What’s fact, what’s fiction? What is real? What is not real? Real to whom? Does it matter?
So what can be more real than facts?
To answer that we have to (re)turn to Mrs. Oliphant , 19th century influential novelist and critic:
“Facts are of all things in the world the most false to nature, the most opposed to experience, the most contradictory of all the grand laws of existence. (…) for us truth and fact are two different things; and to say that some incident which is false to nature is taken from the life is an altogether unsatisfactory and inadmissible excuse.” [7]
So even if an incident is taken from (the) life, it could be false to nature. An individual and particular existence can be incompatible with ‘the grand laws of existence’.
An individual and particular existence can be incompatible with ‘the grand laws of existence’.
Any individual and particular existence can be incompatible with ‘the grand laws of existence’.
Any.
Best think about that.
But Gerry Patrick Hemming, who signs ‘Semper Fi / De Oppresso Liber’, has some good news. Genuine SEALS, LRRPS, Rangers, SOG “have established websites where citizens might inquire as to the veracity of the “war stories” told in the bars and bistros in the ‘Hoods.
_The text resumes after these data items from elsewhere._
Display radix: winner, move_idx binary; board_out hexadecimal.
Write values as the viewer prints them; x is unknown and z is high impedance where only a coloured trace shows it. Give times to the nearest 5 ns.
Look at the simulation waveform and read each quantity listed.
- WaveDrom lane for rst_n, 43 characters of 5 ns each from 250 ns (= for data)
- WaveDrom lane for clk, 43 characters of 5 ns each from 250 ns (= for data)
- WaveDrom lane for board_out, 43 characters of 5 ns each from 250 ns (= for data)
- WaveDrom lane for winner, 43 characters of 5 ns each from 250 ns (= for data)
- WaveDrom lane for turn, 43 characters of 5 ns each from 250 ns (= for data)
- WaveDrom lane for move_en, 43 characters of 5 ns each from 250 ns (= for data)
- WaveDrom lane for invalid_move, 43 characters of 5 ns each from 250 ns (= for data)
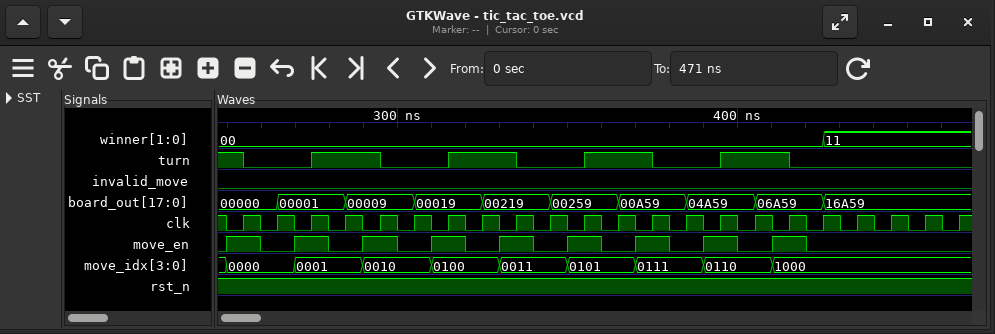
{name: 'rst_n', wave: '1..........................................'}
{name: 'clk', wave: '0101010101010101010101010101010101010101010'}
{name: 'board_out', wave: '=..=...=...=...=...=...=...=...=...=.......', data: '00000 00001 00009 00019 00219 00259 00A59 04A59 06A59 16A59'}
{name: 'winner', wave: '=..................................=.......', data: '00 11'}
{name: 'turn', wave: '10...1...0...1...0...1...0...1...0.........'}
{name: 'move_en', wave: '1.0.1.0.1.0.1.0.1.0.1.0.1.0.1.0.1.0........'}
{name: 'invalid_move', wave: '0..........................................'}
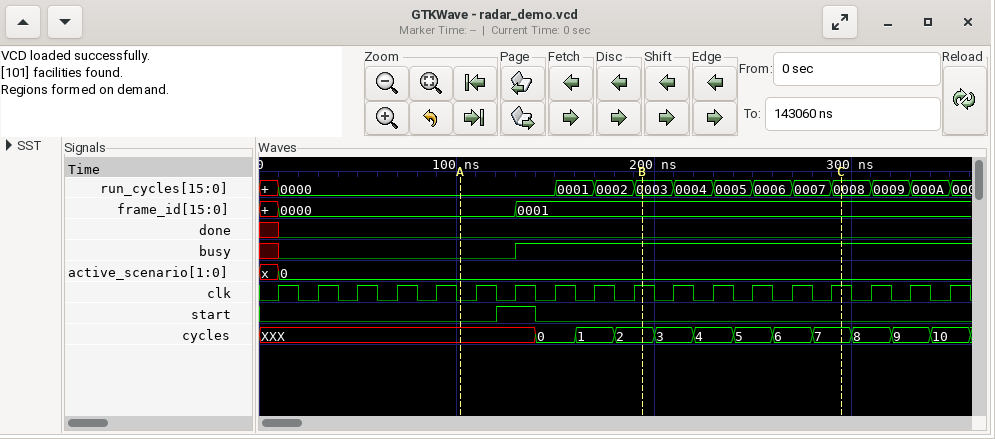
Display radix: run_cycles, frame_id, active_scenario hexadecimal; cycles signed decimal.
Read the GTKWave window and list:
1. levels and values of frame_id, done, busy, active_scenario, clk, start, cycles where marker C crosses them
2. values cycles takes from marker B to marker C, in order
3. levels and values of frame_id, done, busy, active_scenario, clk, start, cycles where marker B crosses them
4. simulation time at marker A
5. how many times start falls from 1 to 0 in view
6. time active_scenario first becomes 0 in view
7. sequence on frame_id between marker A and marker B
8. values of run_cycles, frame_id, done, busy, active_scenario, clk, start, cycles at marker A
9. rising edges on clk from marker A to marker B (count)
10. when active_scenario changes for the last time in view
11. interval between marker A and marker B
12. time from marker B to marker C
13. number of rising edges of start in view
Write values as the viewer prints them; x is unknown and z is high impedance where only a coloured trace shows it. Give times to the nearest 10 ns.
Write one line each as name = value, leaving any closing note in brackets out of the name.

levels and values of frame_id, done, busy, active_scenario, clk, start, cycles where marker C crosses them = frame_id=0001, done=0, busy=1, active_scenario=0, clk=1, start=0, cycles=7
values cycles takes from marker B to marker C, in order = 2, 3, 4, 5, 6, 7
levels and values of frame_id, done, busy, active_scenario, clk, start, cycles where marker B crosses them = frame_id=0001, done=0, busy=1, active_scenario=0, clk=1, start=0, cycles=2
simulation time at marker A = 100 ns
how many times start falls from 1 to 0 in view = 1
time active_scenario first becomes 0 in view = 10 ns
sequence on frame_id between marker A and marker B = 0000, 0001
values of run_cycles, frame_id, done, busy, active_scenario, clk, start, cycles at marker A = run_cycles=0000, frame_id=0000, done=0, busy=0, active_scenario=0, clk=0, start=0, cycles=XXX
rising edges on clk from marker A to marker B = 5
when active_scenario changes for the last time in view = 10 ns
interval between marker A and marker B = 90 ns
time from marker B to marker C = 100 ns
number of rising edges of start in view = 1
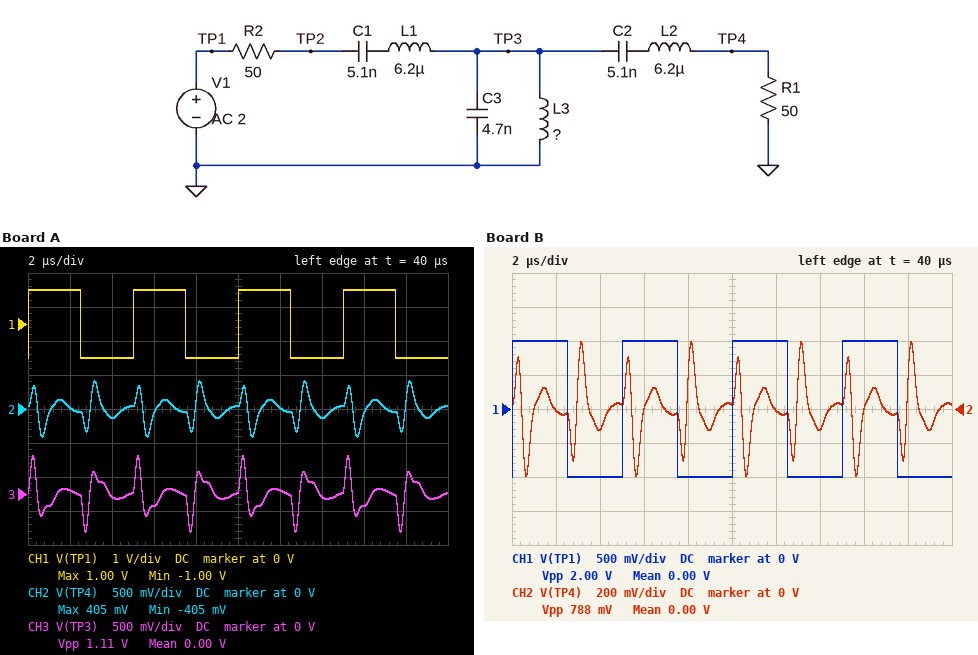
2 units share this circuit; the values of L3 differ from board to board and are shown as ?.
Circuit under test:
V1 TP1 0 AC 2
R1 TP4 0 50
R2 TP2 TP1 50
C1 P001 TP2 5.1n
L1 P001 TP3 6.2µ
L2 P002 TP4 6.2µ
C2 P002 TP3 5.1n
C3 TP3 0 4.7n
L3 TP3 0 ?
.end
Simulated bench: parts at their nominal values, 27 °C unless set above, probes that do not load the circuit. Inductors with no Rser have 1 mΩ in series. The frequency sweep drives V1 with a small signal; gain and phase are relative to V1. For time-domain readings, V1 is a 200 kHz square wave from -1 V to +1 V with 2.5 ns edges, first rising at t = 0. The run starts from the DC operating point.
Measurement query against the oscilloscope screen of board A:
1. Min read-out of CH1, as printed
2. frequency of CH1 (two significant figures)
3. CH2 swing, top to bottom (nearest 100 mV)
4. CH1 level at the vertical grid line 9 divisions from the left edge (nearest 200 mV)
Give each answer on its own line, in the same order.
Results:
-1.00 V
200 kHz
800 mV
-1.0 V
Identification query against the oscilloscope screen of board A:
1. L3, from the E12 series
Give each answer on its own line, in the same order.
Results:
4.7 µH
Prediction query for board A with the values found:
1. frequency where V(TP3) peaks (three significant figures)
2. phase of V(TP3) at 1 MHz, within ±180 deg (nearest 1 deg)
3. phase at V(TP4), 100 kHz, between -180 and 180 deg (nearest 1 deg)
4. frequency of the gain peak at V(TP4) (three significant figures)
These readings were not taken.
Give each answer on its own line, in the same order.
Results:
1.60 MHz
6 deg
-109 deg
1.43 MHz
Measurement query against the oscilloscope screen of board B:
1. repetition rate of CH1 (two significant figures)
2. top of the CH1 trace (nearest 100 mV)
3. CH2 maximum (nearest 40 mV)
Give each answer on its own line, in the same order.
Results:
200 kHz
1.0 V
400 mV
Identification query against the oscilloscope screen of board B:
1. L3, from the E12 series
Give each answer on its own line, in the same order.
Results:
3.9 µH
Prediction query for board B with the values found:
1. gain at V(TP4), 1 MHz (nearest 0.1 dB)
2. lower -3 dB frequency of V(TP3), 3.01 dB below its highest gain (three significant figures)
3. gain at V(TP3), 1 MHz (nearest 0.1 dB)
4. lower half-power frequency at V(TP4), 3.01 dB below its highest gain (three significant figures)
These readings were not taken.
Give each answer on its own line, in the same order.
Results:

And apparently, “the SEAL vets have great connections and can check out a “braggart” within 20 minutes while you are on line or on the telephone!!” [8]
The Seals have friends with connections to decide between data/not data, between fact and fiction. We ordinary folk have to make do with programs who produce patterns:
“We’re trying to find patterns, to see that one set of conditions tends to result in something else. We don’t know why, and we don’t need to, because the answer is in the data.”
This a programmer talking, a programmer and a sailor: “Katori is writing a program that crunches the measurements and creates a “wind profile number — an implied wind,” a wind an implied boat can sail on, as sailing, “so long an intuitive art, has become a contest of technology.” Sensors and strain gauges are “tracking 200 different parameters every second and sending the information across Craig McCraw’s OneWorld’s LAN to its chase boats and offices. Then the info gets dumped into a Microsoft SQL database, where it’s sifted to pinpoint the effects of sail and hardware experiments. Unravelling all the input is, in the words of OneWorld engineer Richard Karn, “nearly impossible.” And that’s not all: every day for the past two years, five OneWorld weather boats have headed out into the Gulf to harvest data.” [9]
What is the greatest liability on board of such a boat? The greatest liability is us, our human capacity for interpretation. Deciding between data/not data while sailing a ship with on a digital dashboard of natural flows, a sea-dashboard.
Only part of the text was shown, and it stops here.